Schweigend senkte der Ritter sein Haupt und murmelte:
"Sie wurden hingerichtet!" Der Prinz erbleichte.
"Euer Herr Vater ergab sich, nachdem keine Rettung mehr
in Sicht war. Doch der Anführer der Angreifer hatte kein Erbarmen.
Er bohrte ihm sein Schwert in die Brust." erzählte der Ritter mit
gesenktem Blick.
"Und was ist mit meiner Mutter?" fragte Toran.
"Als sie sah, daß Euer Vater tot war, stürzte
sie sich auf das Schwert des Anführers und verfluchte ihn mit ihren
letzten Worten." Dem Ritter liefen Tränen über die Wangen und
er schämte sich ihrer nicht.
"Ich werde Euch rächen, Vater, Mutter!" rief der
Prinz. Und dann fragte er den Ritter:
"Wer waren die Angreifer, und von wo kamen Sie her? Erhebe
dich und beantworte meine Fragen."
Der Ritter erhob sich und berichtete:
"Das Heer tauchte am frühen Morgen vor dem Schloß
auf und begann sofort damit, es zu belagern. Die Ritter und Bauern hatten
keine Chance. Es gab auch keine Aufforderung sich zu ergeben. Das einzige
was ein Bote uns brachte, war der Name des Angreifers: Fürst Dirba.
Sie schliffen die Mauern und drangen von allen Seiten in das Schloß
ein. Die sich wehrten wurden erschlagen. Euer Vater schickte mich los,
um Euch zu warnen." schweigend blickte der Ritter zu Boden.
"Aber wie sind sie ins Reich eingedrungen? Die Grenzen
werden gut bewacht!" wunderte sich der Prinz.
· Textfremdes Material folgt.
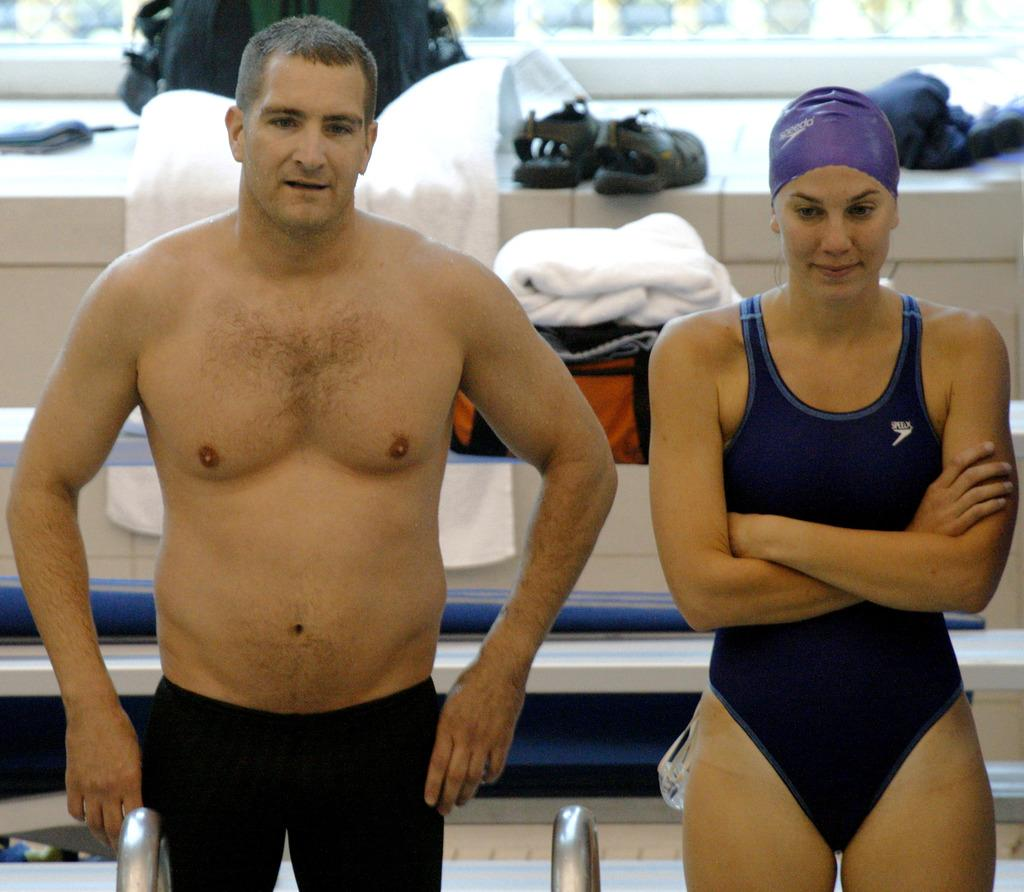How many people are in the image? There is a man and a woman in the image. What are the man and woman doing in the image? The man and woman are standing. What can be seen in the background of the image? There are steps in the background of the image. What items are on the steps? Clothes, bags, and slippers are visible on the steps. What is in front of the man? There are two iron poles in front of the man. What type of toy can be heard making noise in the image? There is no toy present in the image, and therefore no such noise can be heard. 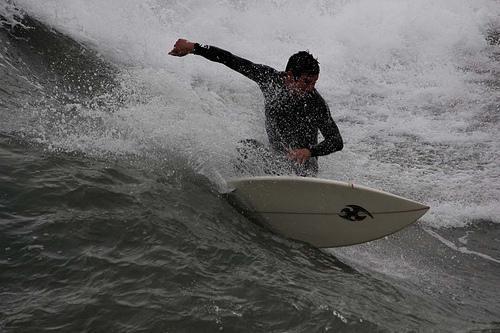How many people are surfing?
Give a very brief answer. 1. 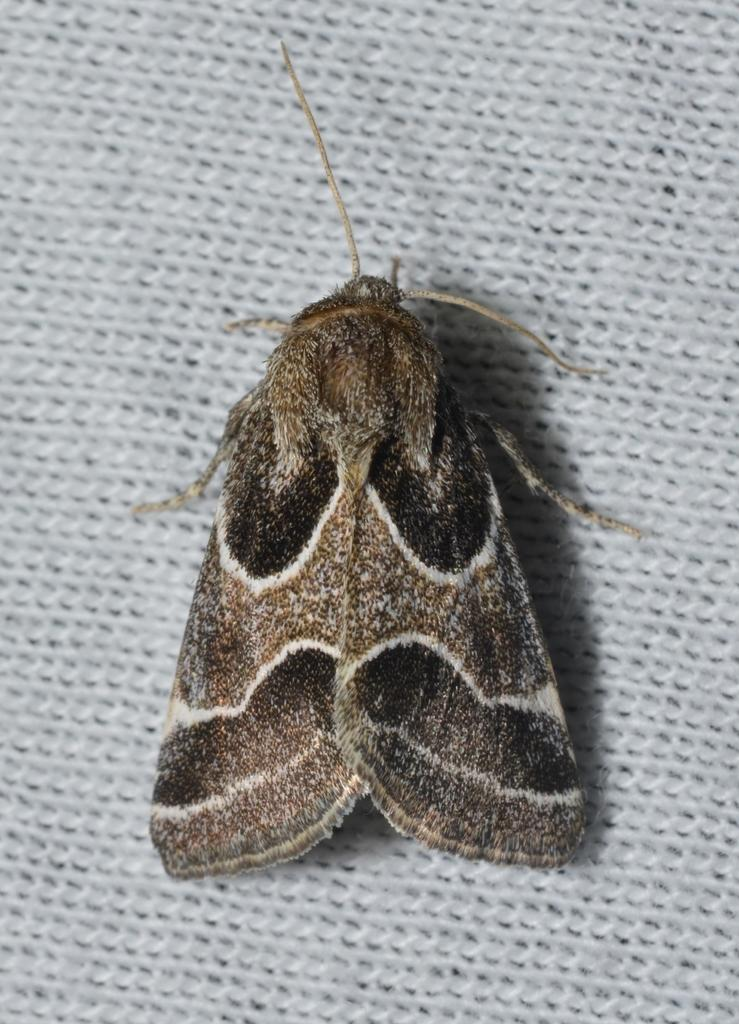What type of living organism can be seen in the image? There is an insect in the image. What is the color of the background in the image? The background of the image is white. What type of pan is being used by the daughter in the image? There is no daughter or pan present in the image. 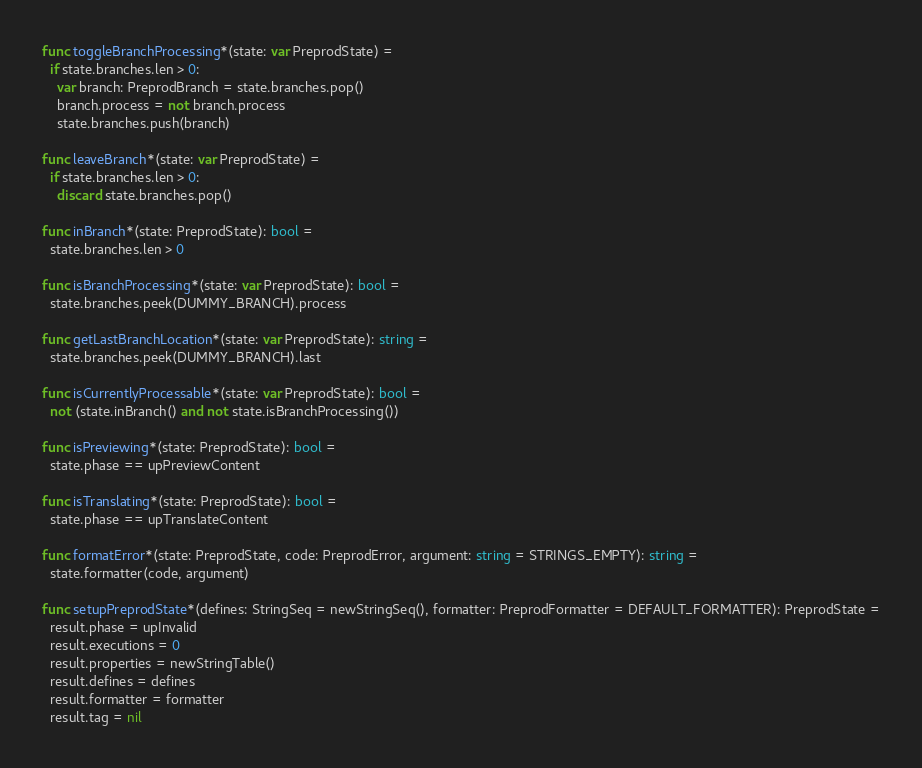Convert code to text. <code><loc_0><loc_0><loc_500><loc_500><_Nim_>func toggleBranchProcessing*(state: var PreprodState) =
  if state.branches.len > 0:
    var branch: PreprodBranch = state.branches.pop()
    branch.process = not branch.process
    state.branches.push(branch)

func leaveBranch*(state: var PreprodState) =
  if state.branches.len > 0:
    discard state.branches.pop()

func inBranch*(state: PreprodState): bool =
  state.branches.len > 0

func isBranchProcessing*(state: var PreprodState): bool =
  state.branches.peek(DUMMY_BRANCH).process

func getLastBranchLocation*(state: var PreprodState): string =
  state.branches.peek(DUMMY_BRANCH).last

func isCurrentlyProcessable*(state: var PreprodState): bool =
  not (state.inBranch() and not state.isBranchProcessing())

func isPreviewing*(state: PreprodState): bool =
  state.phase == upPreviewContent

func isTranslating*(state: PreprodState): bool =
  state.phase == upTranslateContent

func formatError*(state: PreprodState, code: PreprodError, argument: string = STRINGS_EMPTY): string =
  state.formatter(code, argument)

func setupPreprodState*(defines: StringSeq = newStringSeq(), formatter: PreprodFormatter = DEFAULT_FORMATTER): PreprodState =
  result.phase = upInvalid
  result.executions = 0
  result.properties = newStringTable()
  result.defines = defines
  result.formatter = formatter
  result.tag = nil
</code> 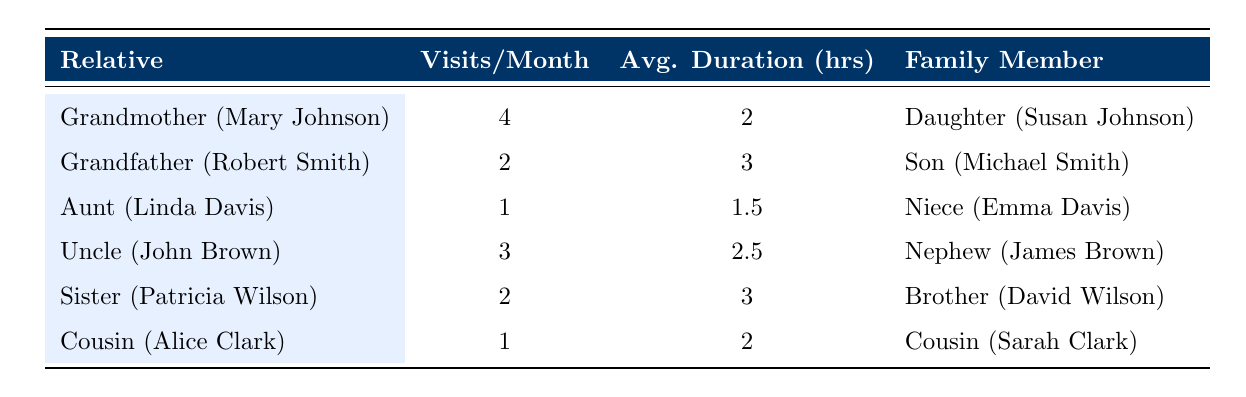What is the visit frequency per month for the Grandmother? The table states that the visit frequency per month for Grandmother (Mary Johnson) is 4.
Answer: 4 Who visits the Uncle (John Brown)? According to the table, the family member that visits Uncle (John Brown) is Nephew (James Brown).
Answer: Nephew (James Brown) What is the average visit duration for the Aunt (Linda Davis)? The table shows that the average visit duration for Aunt (Linda Davis) is 1.5 hours.
Answer: 1.5 hours How many relatives receive more than 2 visits per month? Upon reviewing the table, we see that Grandmother (Mary Johnson) and Uncle (John Brown) have more than 2 visits per month, totaling 2 relatives.
Answer: 2 relatives What is the total frequency of visits per month for all relatives combined? To find the total frequency, we add the visits: 4 (Grandmother) + 2 (Grandfather) + 1 (Aunt) + 3 (Uncle) + 2 (Sister) + 1 (Cousin) = 13 visits per month total.
Answer: 13 visits Is the average visit duration for the Grandfather greater than 2 hours? The table indicates that the average visit duration for Grandfather (Robert Smith) is 3 hours, which is indeed greater than 2 hours.
Answer: Yes Who has the least frequency of visits, and how many visits do they make per month? The table shows that Aunt (Linda Davis) and Cousin (Alice Clark) both have a visit frequency of 1, making them the least frequent visitors.
Answer: Aunt (Linda Davis) and Cousin (Alice Clark), 1 visit What is the average frequency of visits for all family members? To find the average frequency, we calculate the total visits (13 from the previous question) and divide it by the number of relatives (6): 13/6 = 2.17 visits per month on average.
Answer: 2.17 visits per month Which family member has the longest average visit duration? Analyzing the average visit durations, Grandfather (3 hours) has the longest average visit duration compared to the others listed.
Answer: Grandfather (Robert Smith) 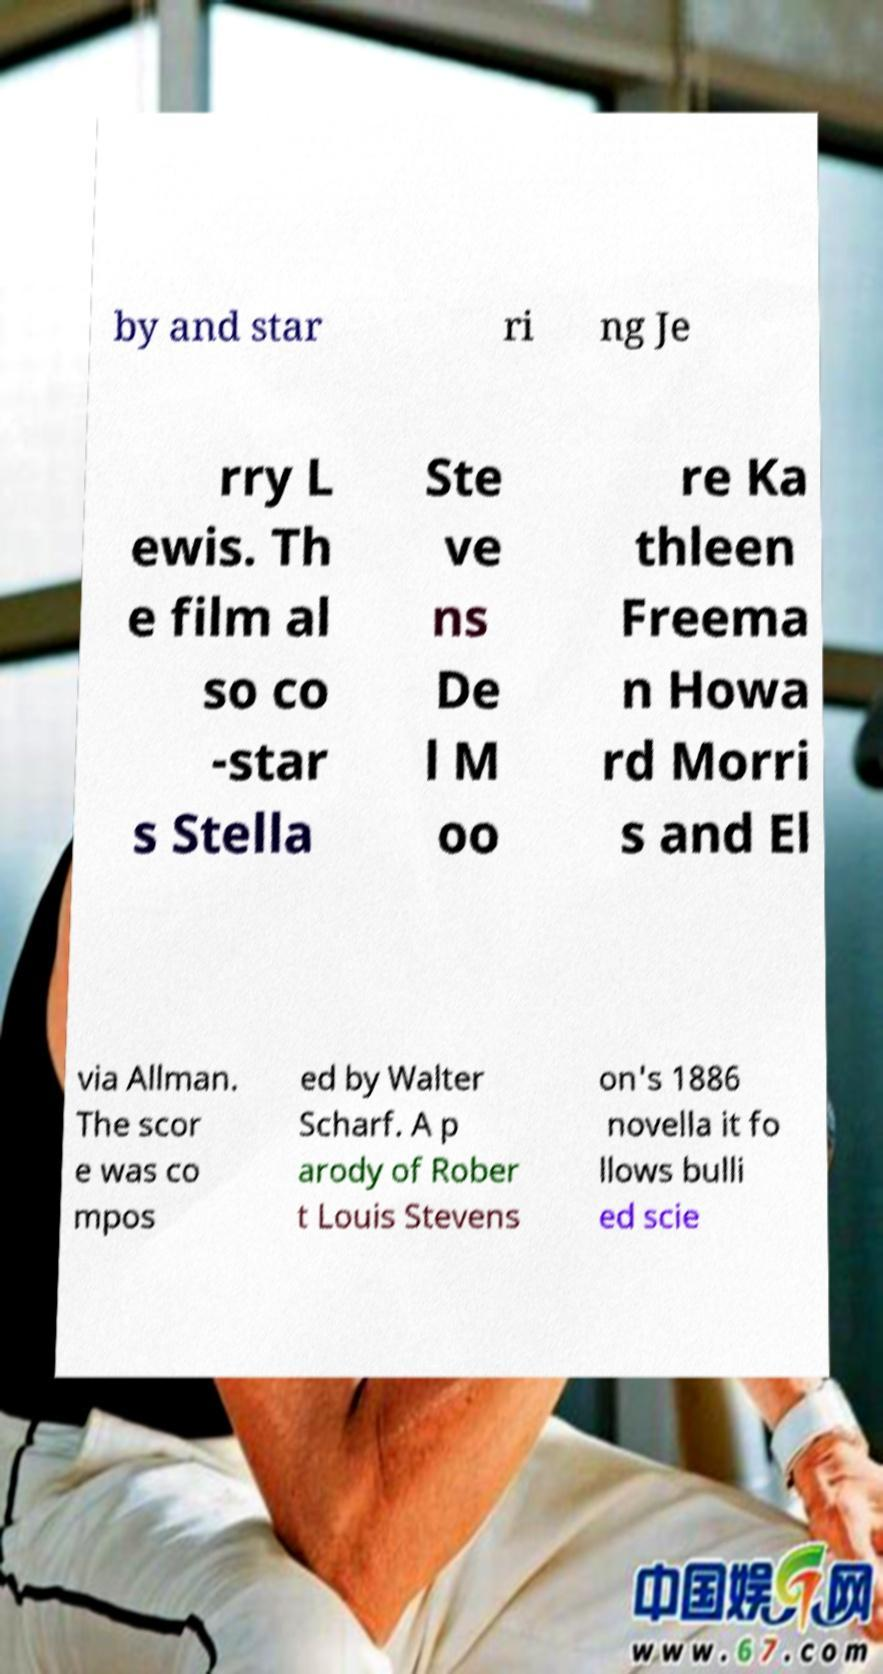Can you read and provide the text displayed in the image?This photo seems to have some interesting text. Can you extract and type it out for me? by and star ri ng Je rry L ewis. Th e film al so co -star s Stella Ste ve ns De l M oo re Ka thleen Freema n Howa rd Morri s and El via Allman. The scor e was co mpos ed by Walter Scharf. A p arody of Rober t Louis Stevens on's 1886 novella it fo llows bulli ed scie 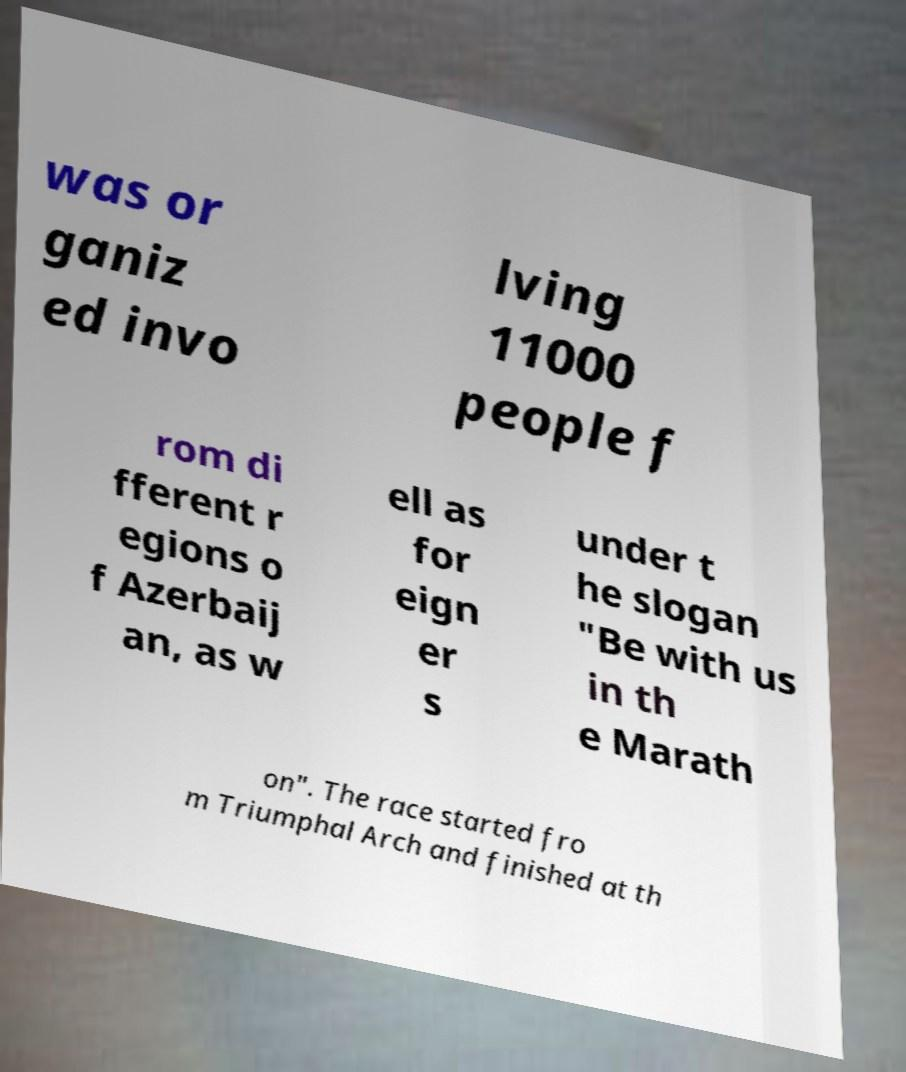Could you assist in decoding the text presented in this image and type it out clearly? was or ganiz ed invo lving 11000 people f rom di fferent r egions o f Azerbaij an, as w ell as for eign er s under t he slogan "Be with us in th e Marath on". The race started fro m Triumphal Arch and finished at th 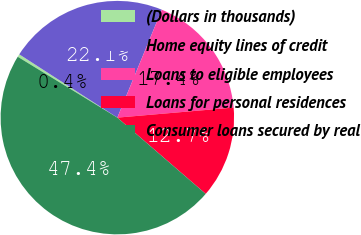<chart> <loc_0><loc_0><loc_500><loc_500><pie_chart><fcel>(Dollars in thousands)<fcel>Home equity lines of credit<fcel>Loans to eligible employees<fcel>Loans for personal residences<fcel>Consumer loans secured by real<nl><fcel>0.39%<fcel>22.1%<fcel>17.4%<fcel>12.7%<fcel>47.39%<nl></chart> 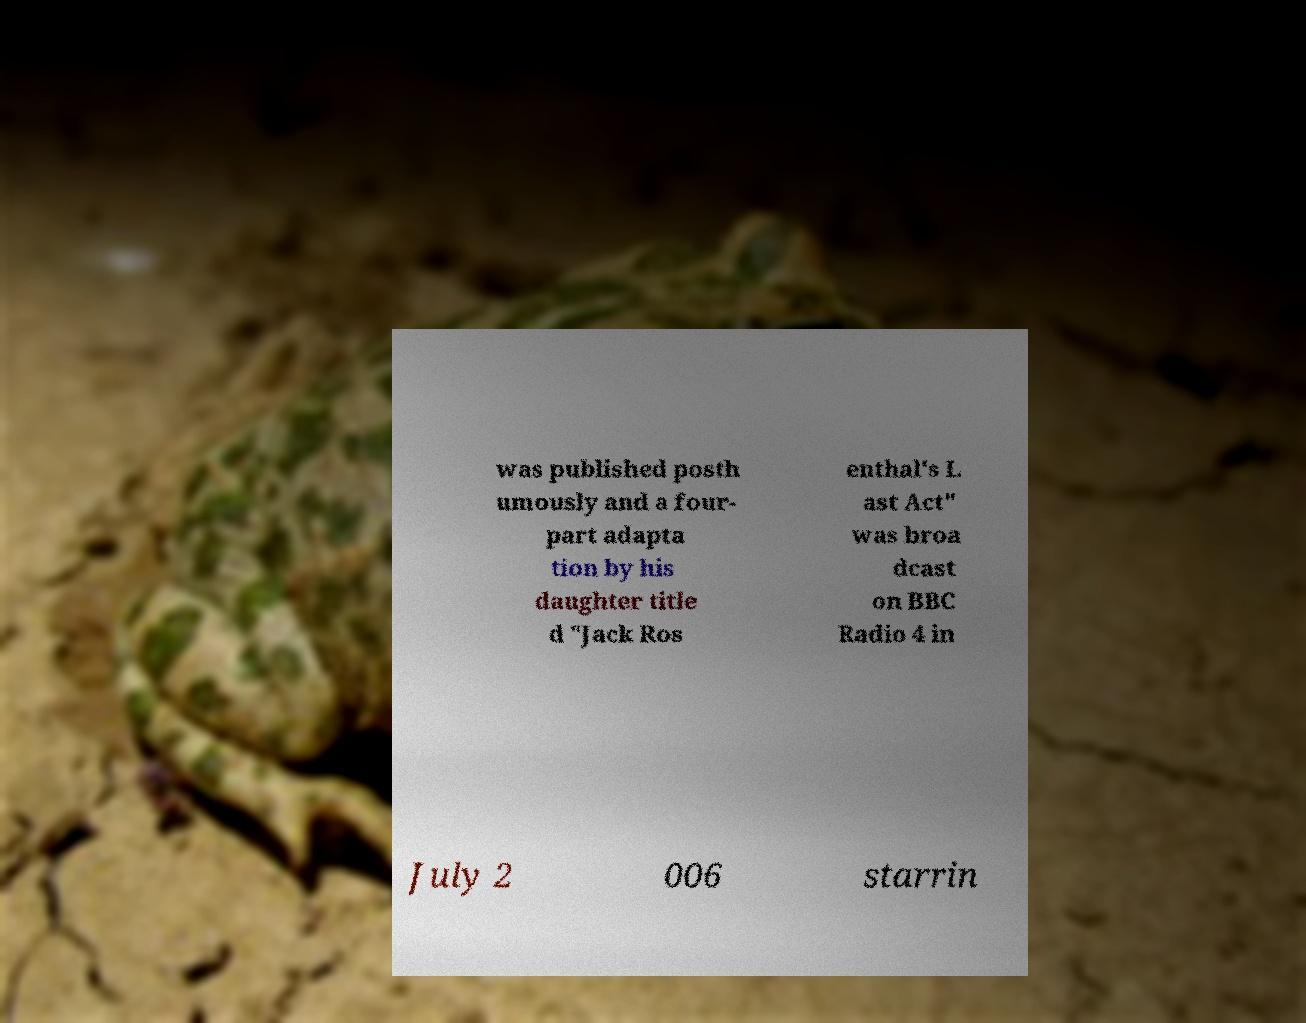Could you extract and type out the text from this image? was published posth umously and a four- part adapta tion by his daughter title d "Jack Ros enthal's L ast Act" was broa dcast on BBC Radio 4 in July 2 006 starrin

"Eure Mutter sagte etwas zu mir, bevor ich ging. Ich
solle Euch sagen, daß ein mächtiger Zauberer die Hand über
das fremde Heer halte, und es ihnen deshalb gelungen war unbemerkt ins
Land einzudringen."
Schweigend wandte er sich seinen Rittern zu:
"Jeder der gehen will, kann gehen." sagte er mit leerem
Blick.
Schweigend knieten sich seine Ritter vor ihn hin und
alle riefen:
"Ich werden Euch folgen, mein König!"
Wochen später:
Viel Trauer war in das Land gezogen. Die fremden Angreifer
errichteten eine Schreckensherrschaft, jeder der Ihnen wiedersprach, wurde
gefangengenommen oder sofort getötet. Viele der Lords, Berater und
Freunde des Königs versteckten sich in den Weiten des Landes. Doch
einer nach dem anderen wurde entdeckt. Und niemand wußte was dann
mit ihnen geschah. Sie verschwanden einfach.
Auch Lord Valentar versteckte sich mit seiner Frau. Er
war ein Freund des alten Königs gewesen und trauerte nun um den Zustand
des Reiches. Doch er war sich der großen Gefahr die ihm drohte immer
bewusst. Sein Versteck kannten nur wenige. Es lag gut verborgen in den
tiefen Wäldern des Nachtwaldes, und dessen Undurchdringlichkeit sorgt
dafür, dass sie eine Weile in Sicherheit waren. Seine Frau Arla sagte
immer, dass die Waldhexe für die Sicherheit sorgte. Aber meistens
belächelte er sie nur. Wer glaubte schon an diese alte Legende!
Aber es war eine Tatsache, das nur wenige den Weg zu
ihrem Versteck fanden, und diese waren alle Freunde.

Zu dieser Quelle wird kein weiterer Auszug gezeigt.